Dozierende als unterstützende Begleiter
Während die Studierenden in Kleingruppen miteinander lernen und arbeiten, sollten wir Dozierende uns möglichst zurückziehen. Es ist häufig kontraproduktiv, sich als Dozent*in direkt in Gruppeninteraktionen einzuschalten, sich in die Gruppe zu setzen oder „mitzuhören“. Dies unterbricht die selbstorganisierte Interaktion der Gruppe und kann eine Bewertungssituation erzeugen, in der die Lernenden sich beobachtet fühlen und nicht mehr frei interagieren. Stattdessen sollten Sie die Gruppen von außen unterstützen, indem Sie nur dann eingreifen, wenn Hilfe benötigt wird. Anregungen und konkrete Beispiele, wie Sie Ihre Rolle als Lernbegleitung ausfüllen können, finden Sie in diesem Leitfaden (OER).
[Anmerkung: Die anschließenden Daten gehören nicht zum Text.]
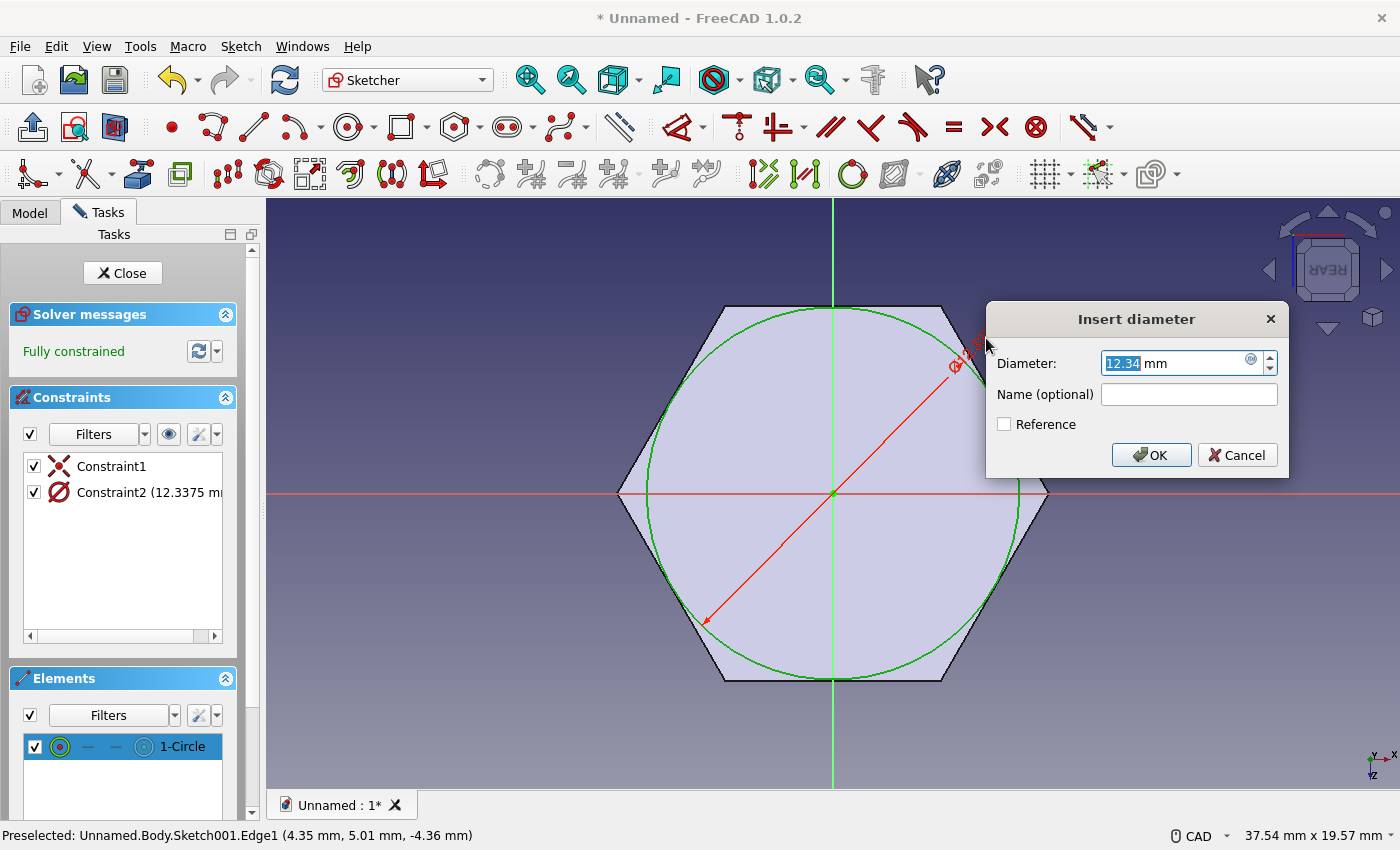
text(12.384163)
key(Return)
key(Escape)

Im letzten Abschnitt finden Sie konkrete Kooperationsszenarien, die Sie in Ihren Lehrveranstaltungen einsetzen können.
Tipps auf einen Blick
- Entscheiden Sie sich bewusst für ein Lernziel, das Ihre Studierenden in der Gruppenarbeit erreichen sollen.
- Entwerfen Sie Aufgaben für Gruppen auf eine Weise, dass sich jedes Gruppenmitglied einbringen muss, dass jedes Gruppenmitglied sehen kann, was es zum Erfolg der Gruppe beigetragen hat und dass sich jedes Gruppenmitglied für den Erfolg der Gruppenarbeit verantwortlich fühlt.
- Setzen Sie digitale Medien und Tools so ein, dass sich lernförderliche Interaktionsmuster entfalten können.
- Unterstützen Sie spezielle lernförderliche Interaktionsmuster gezielt.
- Bringen Sie sich nur bei Problemen in Gruppe ein. Versuchen Sie, die Gruppe beim selbstgesteuerten Lernen zu unterstützen.